___ DATA IN THIS EXERCISE ___

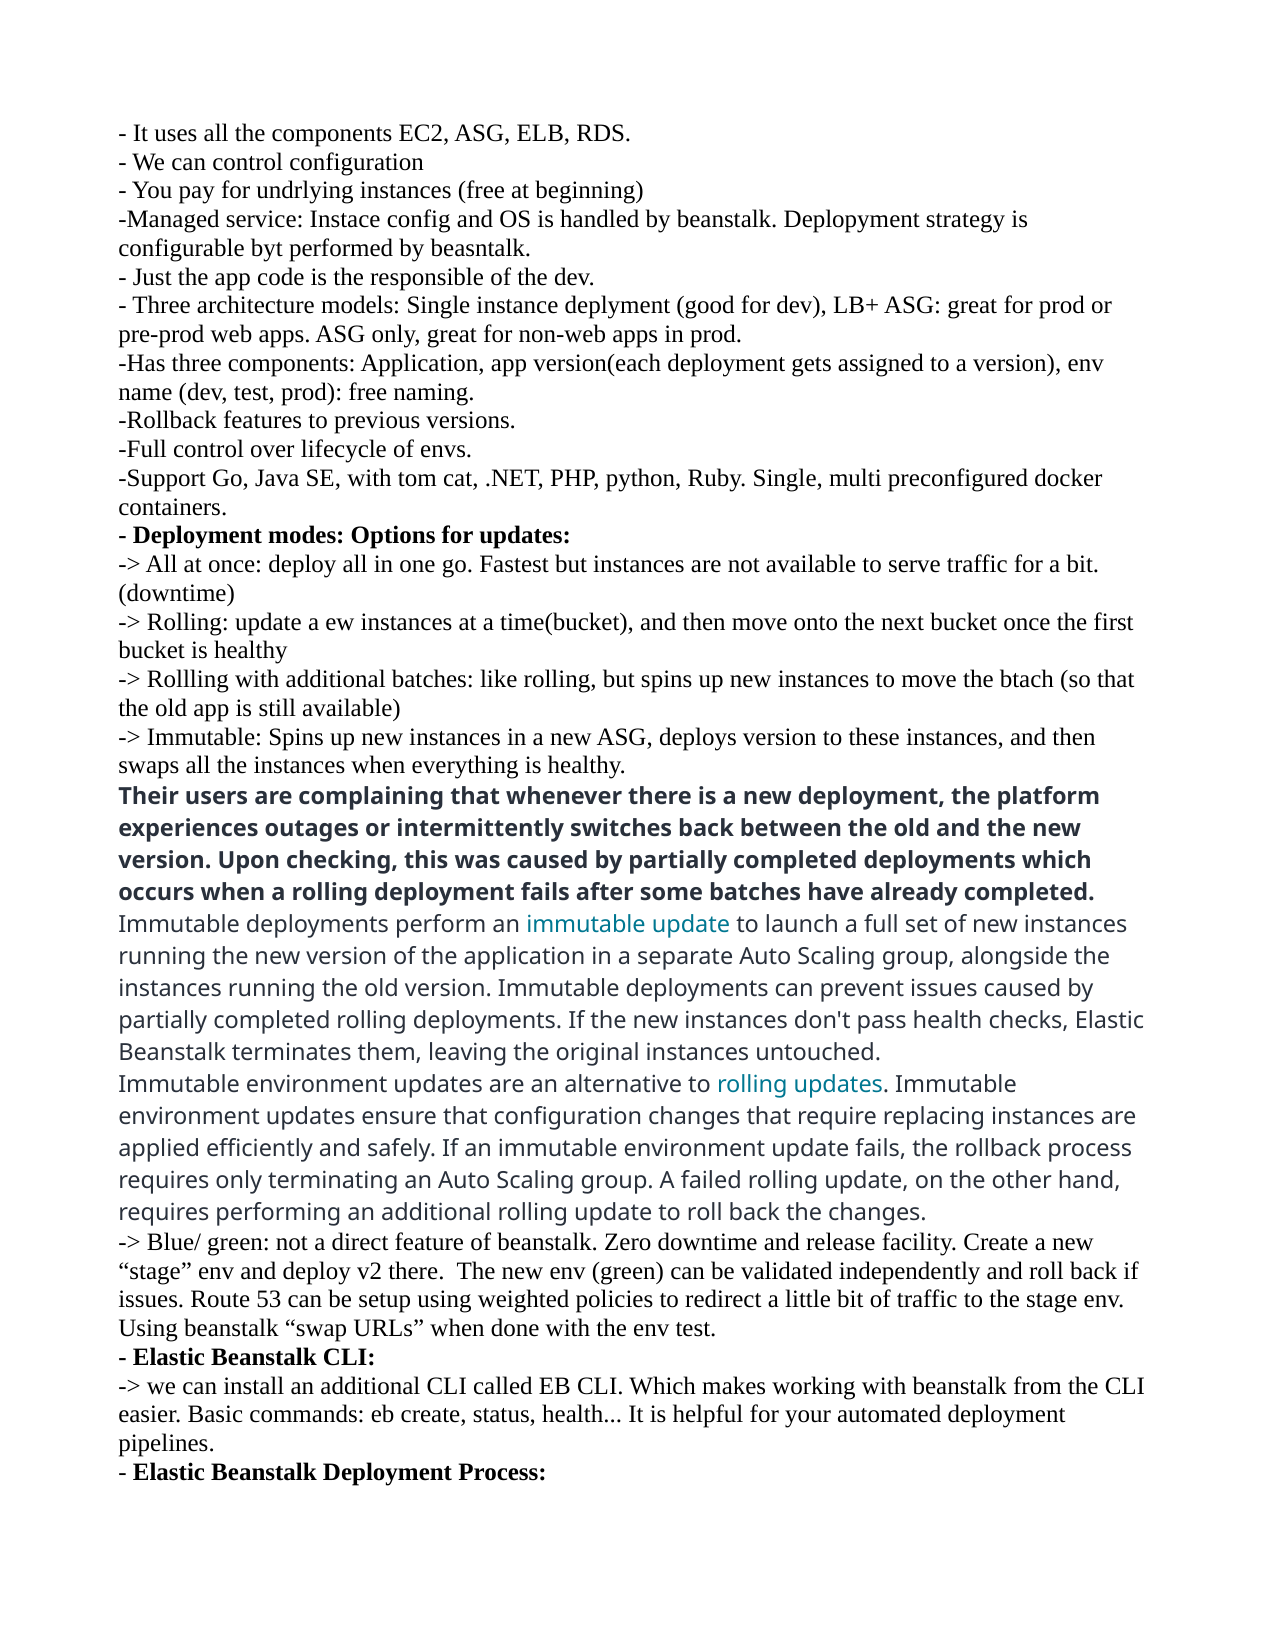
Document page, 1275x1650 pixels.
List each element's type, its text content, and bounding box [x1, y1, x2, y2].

text Their users are complaining that whenever there is a new deployment, the platform experiences outages or intermittently switches back between the old and the new version. Upon checking, this was caused by partially completed deployments which occurs when a rolling deployment fails after some batches have already completed. [118, 779, 1157, 907]
text -> Immutable: Spins up new instances in a new ASG, deploys version to these instances, and then swaps all the instances when everything is healthy. [118, 722, 1157, 779]
text - We can control configuration [118, 147, 1157, 176]
text -> Rolling: update a ew instances at a time(bucket), and then move onto the next bucket once the first bucket is healthy [118, 607, 1157, 664]
text -> Blue/ green: not a direct feature of beanstalk. Zero downtime and release facility. Create a new “stage” env and deploy v2 there. The new env (green) can be validated independently and roll back if issues. Route 53 can be setup using weighted policies to redirect a little bit of traffic to the stage env. Using beanstalk “swap URLs” when done with the env test. [118, 1227, 1157, 1342]
text - You pay for undrlying instances (free at beginning) [118, 176, 1157, 204]
text - It uses all the components EC2, ASG, ELB, RDS. [118, 118, 1157, 147]
text -Rollback features to previous versions. [118, 406, 1157, 434]
text -> All at once: deploy all in one go. Fastest but instances are not available to serve traffic for a bit. (downtime) [118, 549, 1157, 607]
text - Elastic Beanstalk CLI: -> we can install an additional CLI called EB CLI. Which makes working with beanstalk from the CLI easier. Basic commands: eb create, status, health... It is helpful for your automated deployment pipelines. [118, 1342, 1157, 1457]
text -> Rollling with additional batches: like rolling, but spins up new instances to move the btach (so that the old app is still available) [118, 664, 1157, 722]
text Immutable environment updates are an alternative to rolling updates. Immutable environment updates ensure that configuration changes that require replacing instances are applied efficiently and safely. If an immutable environment update fails, the rollback process requires only terminating an Auto Scaling group. A failed rolling update, on the other hand, requires performing an additional rolling update to roll back the changes. [118, 1067, 1157, 1227]
text - Deployment modes: Options for updates: [118, 521, 1157, 549]
text - Just the app code is the responsible of the dev. [118, 262, 1157, 291]
text - Three architecture models: Single instance deplyment (good for dev), LB+ ASG: great for prod or pre-prod web apps. ASG only, great for non-web apps in prod. [118, 291, 1157, 348]
text -Has three components: Application, app version(each deployment gets assigned to a version), env name (dev, test, prod): free naming. [118, 348, 1157, 406]
text -Support Go, Java SE, with tom cat, .NET, PHP, python, Ruby. Single, multi preconfigured docker containers. [118, 463, 1157, 521]
text -Full control over lifecycle of envs. [118, 434, 1157, 463]
text -Managed service: Instace config and OS is handled by beanstalk. Deplopyment strategy is configurable byt performed by beasntalk. [118, 204, 1157, 262]
text Immutable deployments perform an immutable update to launch a full set of new instances running the new version of the application in a separate Auto Scaling group, alongside the instances running the old version. Immutable deployments can prevent issues caused by partially completed rolling deployments. If the new instances don't pass health checks, Elastic Beanstalk terminates them, leaving the original instances untouched. [118, 907, 1157, 1067]
text - Elastic Beanstalk Deployment Process: [118, 1457, 1157, 1486]

___

(PROBLEM REQUIREMENTS) Taking the entries above, write out exactly each line from the one holding "text - It uses" to the one holding "text -> Rollling", both included, and stop there.

(RESULT BELOW)
text - It uses all the components EC2, ASG, ELB, RDS. [118, 118, 1157, 147]
text -Rollback features to previous versions. [118, 406, 1157, 434]
text -> All at once: deploy all in one go. Fastest but instances are not available to serve traffic for a bit. (downtime) [118, 549, 1157, 607]
text - Elastic Beanstalk CLI: -> we can install an additional CLI called EB CLI. Which makes working with beanstalk from the CLI easier. Basic commands: eb create, status, health... It is helpful for your automated deployment pipelines. [118, 1342, 1157, 1457]
text -> Rollling with additional batches: like rolling, but spins up new instances to move the btach (so that the old app is still available) [118, 664, 1157, 722]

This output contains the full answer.